The cumulative probability of breast cancer for the entire cohort was significantly higher (P = .002) among those exposed to TBI versus those not exposed (Fig 3A: 2.6% v 0.3% by age 50 years, 4.5% v 1.6% by age 60 years, and 8.8% v 3.6% by age 70 years). The cumulative probability of breast cancer among those exposed to TBI versus those not exposed did not achieve statistical significance (P = .1) among autologous BMT recipients (Fig 3B) but was significantly higher in the allogeneic BMT recipients (P = .009; Fig 3C).
FIG 3.
Cumulative probability of breast cancer as a function of attained age, stratified by exposure to total body irradiation (TBI) for (A) the entire cohort, (B) autologous blood or marrow transplantation (BMT) recipients, (C) allogeneic BMT recipients, and (D) women who were exposed to TBI at age younger than 30 years. CIF, Cumulative Incidence Function.

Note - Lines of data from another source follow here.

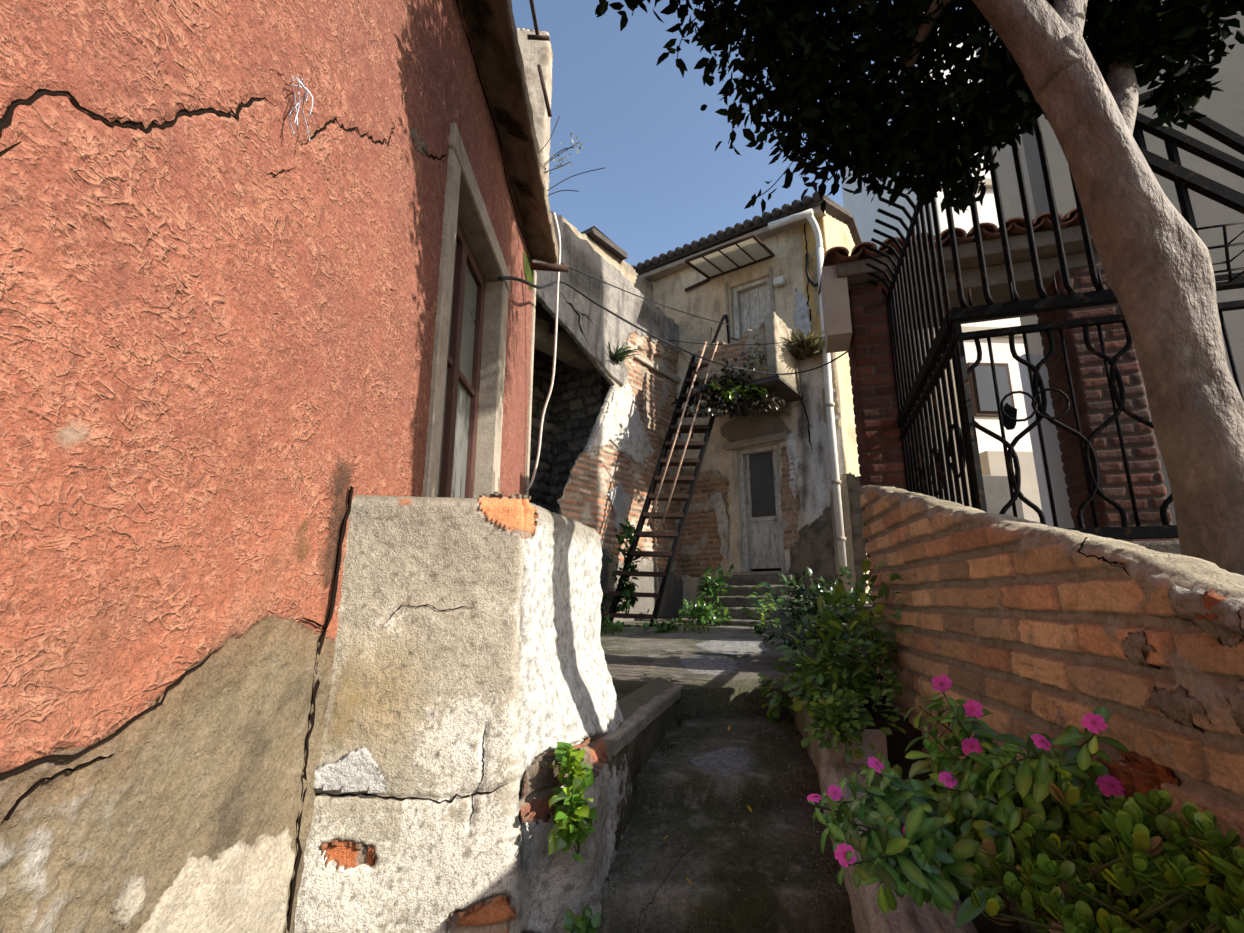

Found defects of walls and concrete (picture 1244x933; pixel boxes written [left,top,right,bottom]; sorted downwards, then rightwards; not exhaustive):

crack [0,68,285,156]
crack [268,117,464,177]
spalling [557,332,730,580]
spalling [478,491,539,541]
crack [1077,537,1130,576]
spalling [1195,588,1226,621]
crack [285,485,516,933]
peeling [0,616,387,933]
spalling [519,751,569,825]
spalling [573,732,621,782]
spalling [446,895,535,933]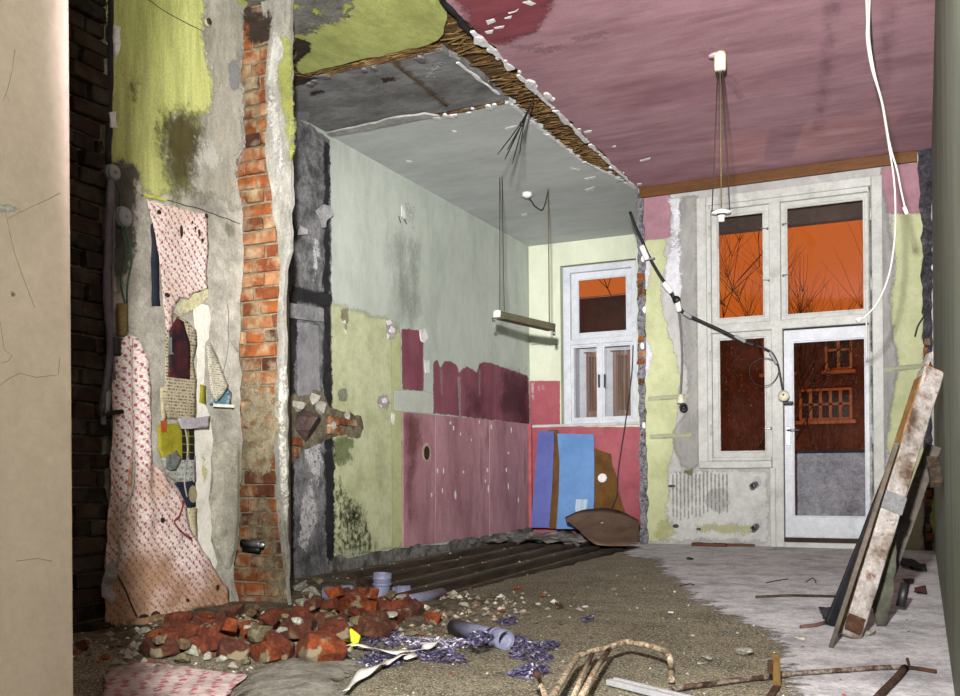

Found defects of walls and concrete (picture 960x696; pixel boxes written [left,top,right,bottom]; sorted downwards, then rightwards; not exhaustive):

leakage [162,113,208,182]
flaking render [69,0,442,663]
leakage [333,485,372,557]
flaking render [292,0,651,544]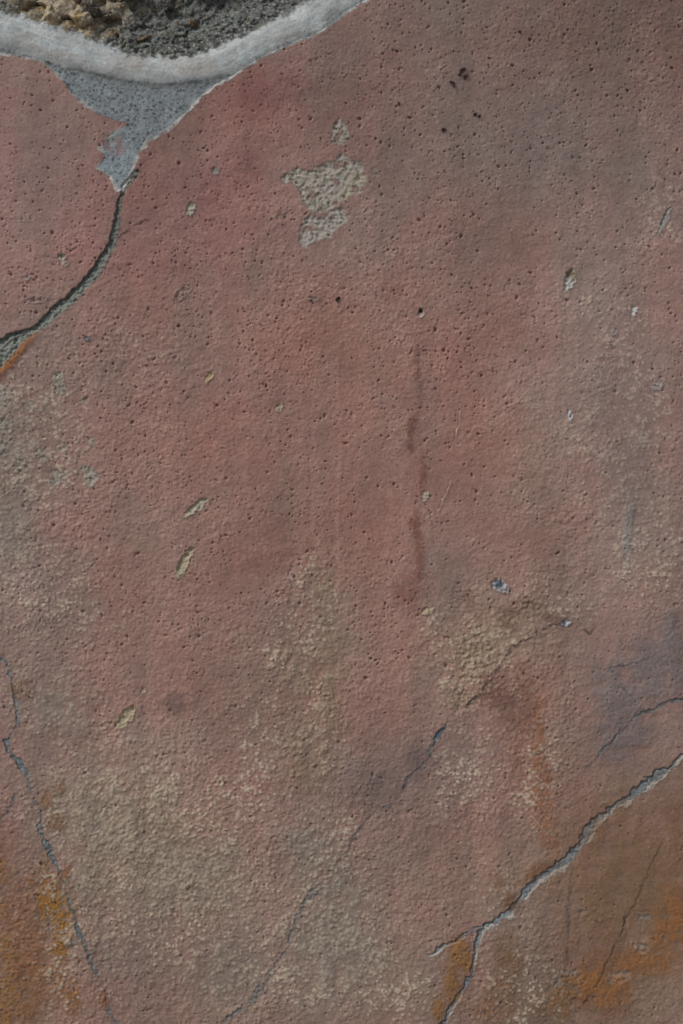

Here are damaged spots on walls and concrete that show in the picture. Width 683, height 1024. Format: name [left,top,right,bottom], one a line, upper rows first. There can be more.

crack [0,169,150,368]
spalling [0,0,368,192]
spalling [281,118,379,249]
crack [0,657,118,1024]
crack [428,754,683,1024]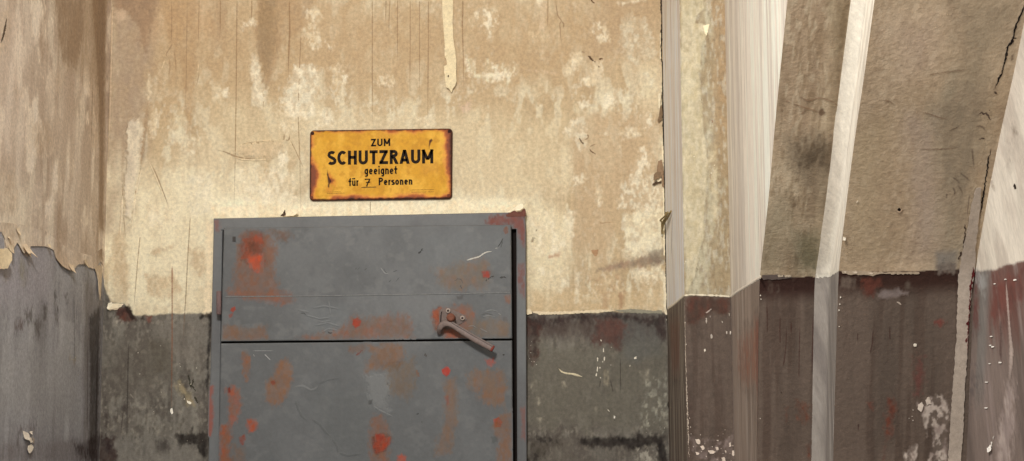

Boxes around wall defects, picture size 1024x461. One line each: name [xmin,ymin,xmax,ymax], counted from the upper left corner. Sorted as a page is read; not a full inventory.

crack [994,7,1024,94]
peeling [0,222,123,311]
damp [53,0,238,418]
peeling [201,0,798,461]
peeling [902,393,951,461]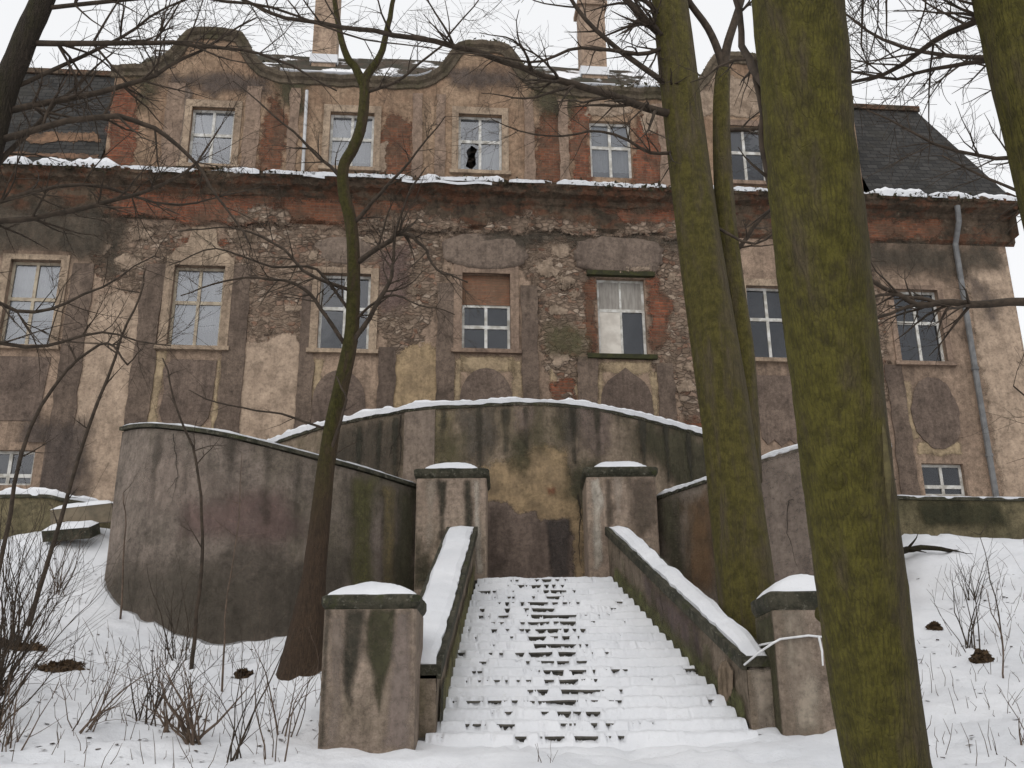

The results of the univariable and multivariable Cox proportional hazards models assessing patient and treatment variables associated with breast cancer risk are presented in Table 2. Exposure to TBI was associated with an increased hazard of breast cancer among both the allogeneic (hazard ratio [HR], 3.73 [95% CI, 1.2 to 11.8]) and autologous (HR, 2.6 [95% CI, 1.0 to 6.8]) BMT recipients. No association between TBI dose and subsequent breast cancer was observed (Appendix Table A2, online only); however, these results should be interpreted with caution because few patients received doses outside of the narrow range of 12-13.2 Gy. Pre-BMT exposure to alkylating agents and anthracyclines was associated with an increased risk of subsequent breast cancer among autologous BMT survivors (alkylators: HR, 3.0 [95% CI, 1.0 to 9.0]; anthracyclines: HR, 2.5 [95% CI, 0.9 to 7.5]), but not among allogeneic BMT recipients (alkylators: HR, 0.8 [95% CI, 0.2 to 2.6]; anthracyclines: HR, 0.9 [95% CI, 0.4 to 2.2]).
TABLE 2.
Cox Proportional Hazards Models for Breast Cancer After BMT
Compared with that of an age-matched general population, the SIR of breast cancer for all study participants was 1.3 (95% CI, 0.9 to 1.7). The SIRs for breast cancer in subgroups of interest, defined by age and exposure status, are presented in Table 3. Patients who received TBI had a 1.5-fold higher risk of developing breast cancer when compared with an age-matched general population (95% CI, 1.0 to 2.3). Conversely, the risk was not elevated for those who did not receive TBI (SIR, 1.0 [95% CI, 0.6 to 1.6]). The largest excess risk of subsequent breast cancer was among BMT recipients who received TBI at age < 30 years (SIR, 4.5 [95% CI, 2 to 8.3]). The excess risk of breast cancer for TBI at age < 30 years was observed for patients who received allogeneic BMT (SIR, 4.4 [95% CI, 1.8 to 9]) as well as autologous BMT (SIR, 4.6 [95% CI, 1.1 to 18.2]). The cumulative probability of developing subsequent breast cancer among those treated with TBI before age 30 years was 1.0% by age 40 years and 13.9% by age 50 years (Fig 3D).
TABLE 3.
SIRS for Breast Cancer
A total of 1,238 women in the study were deceased at the time of the BMTSS survey (after having survived for at least the first 2 years after BMT) but otherwise met the study inclusion criteria and had cause of death information available from the NDI. The median time from BMT to death was 4.6 years, and breast cancer was noted on the death certificate for 18 women. When the cumulative incidence of subsequent breast cancer was calculated for the entire cohort (alive and deceased), exposure to TBI remained associated with higher incidence/mortality because of subsequent breast cancer (P = .02; Appendix Fig A1, online only).
DISCUSSION
We undertook this study to expand our understanding of the association between exposure to TBI and the risk of subsequent breast cancer and to identify subgroups that were at highest risk. Subsequent breast cancer is particularly important to consider among long-term BMT survivors because of the proven efficacy of screening programs and the success of early intervention in other populations.19-21 The 10-year risk of breast cancer among women after allogeneic and autologous BMT was modest. However, those exposed to TBI were at a higher risk of developing breast cancer among both allogeneic and autologous BMT recipients and especially when the exposure occurred at age younger than 30 years. Women who received TBI were at a 1.5-fold higher risk of breast cancer when compared with the general population overall and at a 4.5-fold higher risk when the exposure occurred at age 30 years or younger. We also observed that autologous BMT recipients exposed to alkylating agents and anthracyclines as part of pre-BMT treatment had an increased risk of subsequent breast cancer when compared with women who were not exposed.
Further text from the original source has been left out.